Grazie di questa lettura
Mapi
la Yourcenar per me è ‘memorie di adriano’.
Uno dei libri da conservare per i posteri. Di quelli a cui si deve fare riferimento quando si parla dei ‘grandi’.
Lei è una sacra poetessa. e non so se dico un’assurdita accostandola alla Szimborska.
grazie per questa interessante segnalazione.

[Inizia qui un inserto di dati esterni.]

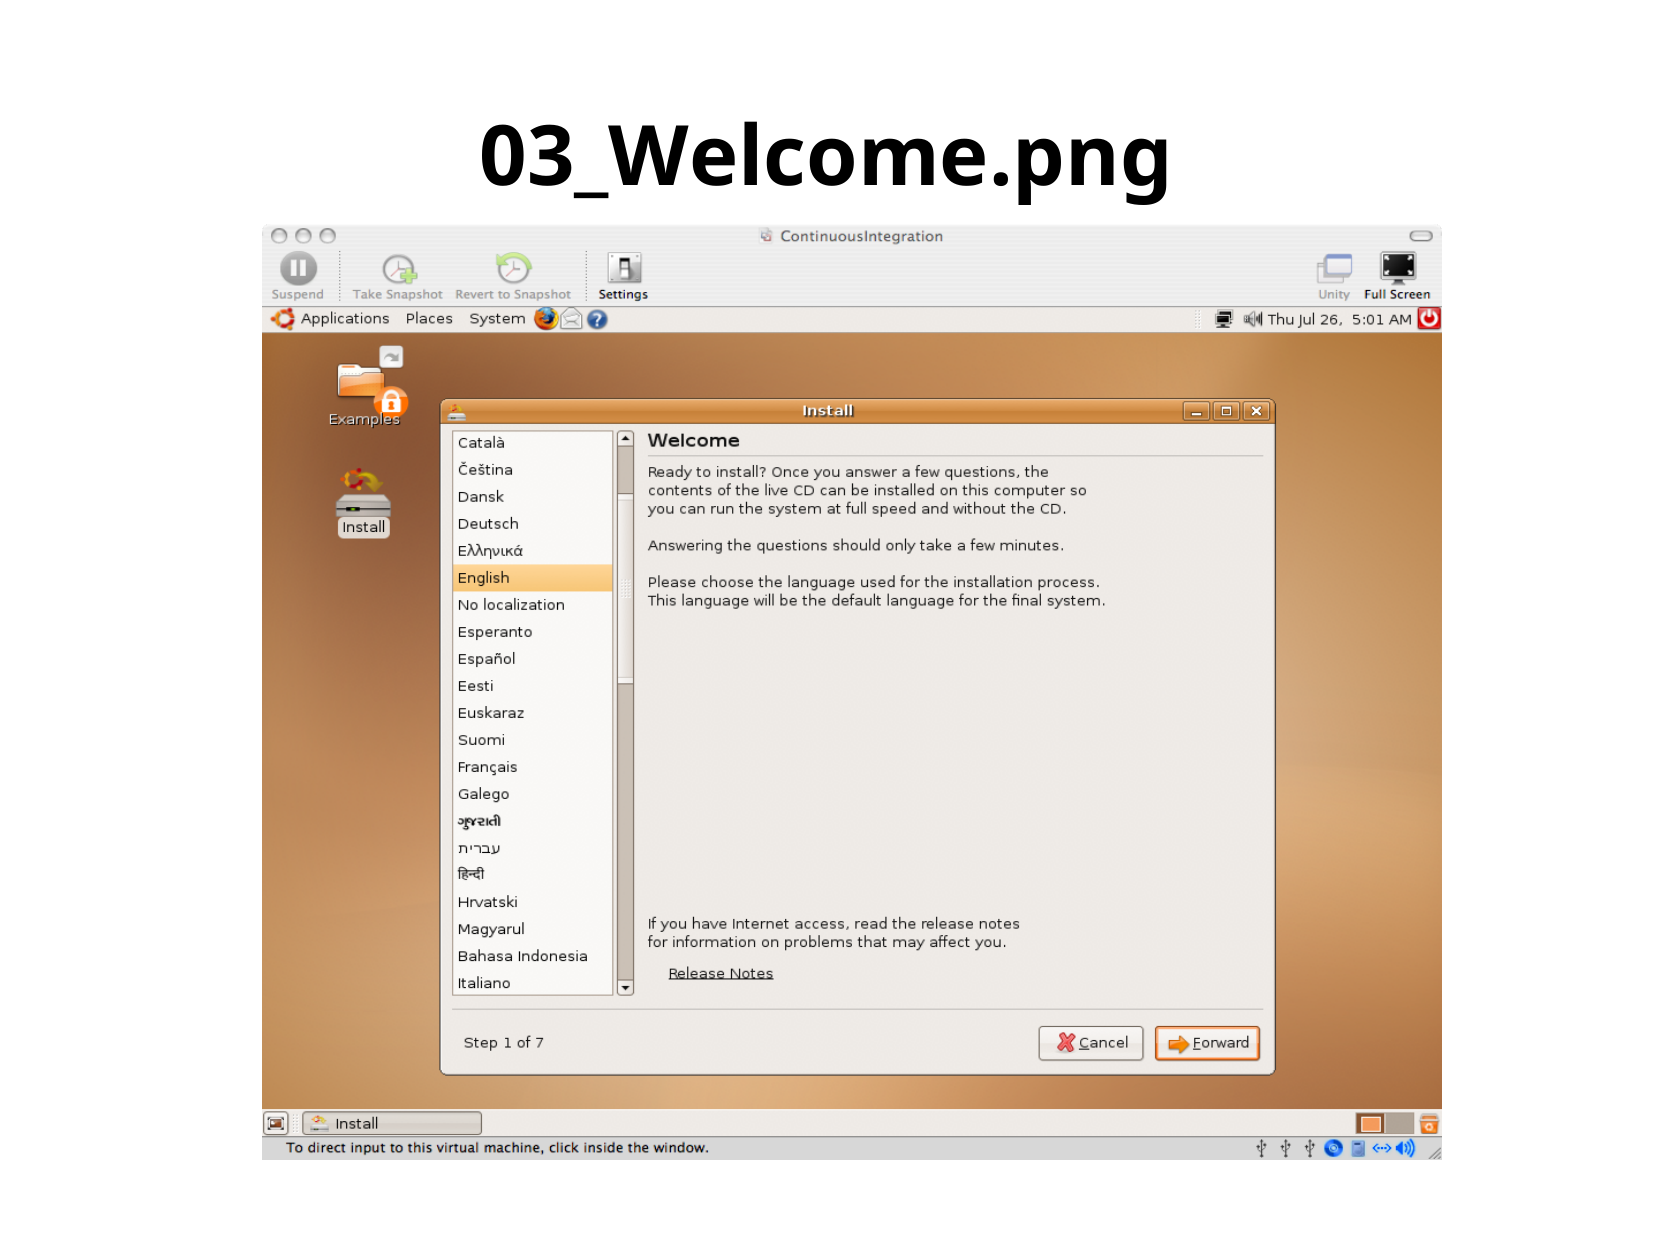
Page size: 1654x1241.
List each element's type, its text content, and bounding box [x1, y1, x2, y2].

Blumy che gioia stasera PRENDI Fuochi
–mi rende contenta
Mapi penso non è incestuoso voler sedurre un gay? in Fuochi Marguerite ha fatto il diavolo a quattro. è incestuoso, sì.
Iole, Adriano e Zenone, per me. Certo Adriano. Poi Anna. Adriano. Ma anche Eric (ecco consiglio anche il Colpo di Grazia, sottilissimo).
Ho letto credo quasi tutto della Yourcenar che amo molto e a cui ritorno spesso, Giulia
A meta’ fra prosa e poesia, fra filosofia e letteratura. Incuriosisce molto questa raccolta. L’unica cosa che trovo irritante…. e’ il suo incipit!
)
Grazier per questa interessante segnalazione…
daniela
@Giulia: c’è qualcosa che mi respinge nella sua letteratura e qualcosa che mi attrae voracemente. Devo ancora capirmi…:)
@draimondi:
Circa l’incipit dalla prefazione:
‘ Oltreché sentire il ridicolo di commentare troppo lungamente un’opera che desideravo non fosse mai letta, non è qui il luogo adatto a discutere se l’amore totale per una particolare creatura, con ciò che comporta il rischio per sé e per l’altro, d’inevitabile inganno, di abnegazione e di umiltà autentiche, ma altresì di violenza latente e di egoistiche esigenze, meriti o no il posto che gli hanno riservato i poeti.’
La Yourcenar la sfanga così. Rifiuta di approfondire soffermandosi su particolarità stilistiche e tematiche. Pensa, scrivere una raccolta amorosa e nella prefazione trattarla con un distacco formale. Ridurla a ‘ballo in maschera ’.
Io le credo, credo sia difficile rendere pubblica una confessione d’amore scandaloso, mistico, folle.
Yourcenar… Grande! E dell’Opera al nero?